Do they not answer the phone?


----------



## cmmyakman (Feb 16, 2011)

It's August. They are probably on vacation.


----------



## Jeff28078 (Aug 27, 2009)

You could ask your credit card company to reverse the charge but I don't think it's been long enough. I do understand the frustration of waiting three weeks with no contact but a little bit more patience may be needed.


----------



## woodsmithshop (Sep 10, 2008)

I think, by law, (not 100% sure) that if you do not receive your order within 30 days you can cancel the order.


----------



## GR8HUNTER (Jun 13, 2016)

I love my Stanley fat-max chisels :<))


----------



## ssnvet (Jan 10, 2012)

Report the transaction to your CC company and they'll pull the money right back out of the vendors account (yes, they can do that) and then you'll get a call from their CS within a day begging to know how they can help you.


----------



## Desert_Woodworker (Jan 28, 2015)

https://www.ibctools.ca/contact/
the phone # is disconnected

Bat- why did you give 5stars in the previous review?

Credit Card question- will our CC cover foreign purchases? (IBC was/is Canadian)


----------



## jacquesr (Jul 3, 2014)

1-416-264-9534

This number seems to work


----------



## Desert_Woodworker (Jan 28, 2015)

*Off my watch*


----------



## Commarato53 (Dec 13, 2013)

+1 what Manianc Mike said.
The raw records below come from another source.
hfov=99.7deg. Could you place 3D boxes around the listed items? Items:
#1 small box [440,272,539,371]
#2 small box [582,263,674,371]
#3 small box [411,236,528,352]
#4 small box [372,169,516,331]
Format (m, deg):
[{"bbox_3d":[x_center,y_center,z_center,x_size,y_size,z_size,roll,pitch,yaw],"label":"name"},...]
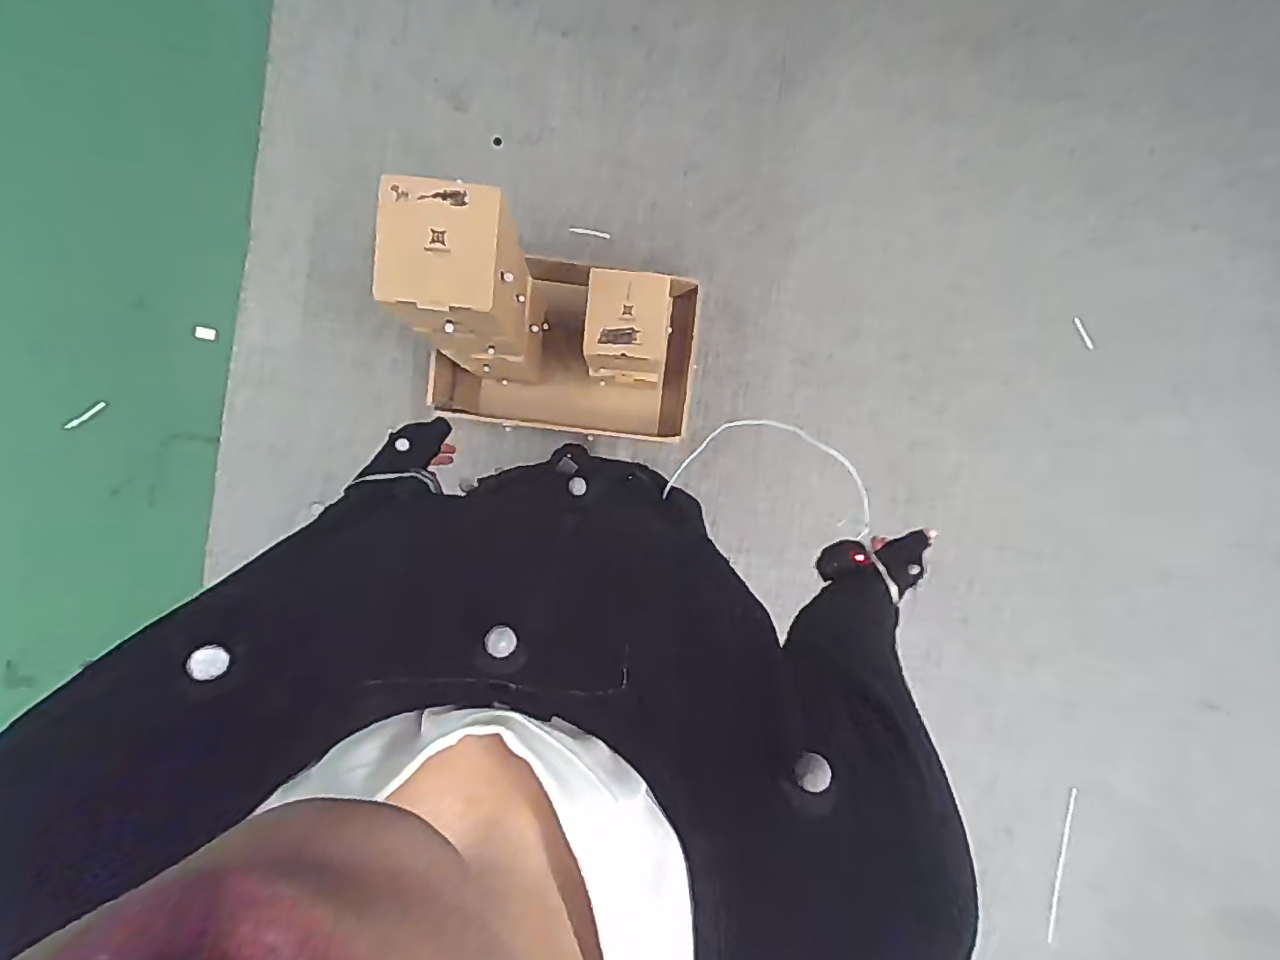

Go to Hartville Tool and buy a set of Sorby chisels, they have paring, mortising etc. Or get a set of 2 Cherries. I think Woodnet has a 15% discount at Hartville Tool.


----------



## Dusty56 (Apr 20, 2008)

You haven't received the chisels and yet you have rated them as 1 star. SMDH . This is NOT a tool review.


----------



## Desert_Woodworker (Jan 28, 2015)

> You haven t received the chisels and yet you have rated them as 1 star. SMDH . This is NOT a tool review.
> 
> - Dusty56


+1


----------



## Snowshoe (Oct 27, 2014)

I also bought a set of these chisels, but I bought them through Rob Cosman's site. They came right away and I was happy to give Rob my business. (His videos have been great and I have learned a lot from him.) He actually called me after I placed my order and gave me his cell number in the event that I had any questions. I find the chisels to be very good, and of course always very sharp, thanks to Rob's videos. /Users/jeffgall/Desktop/IMG_0268.jpg


----------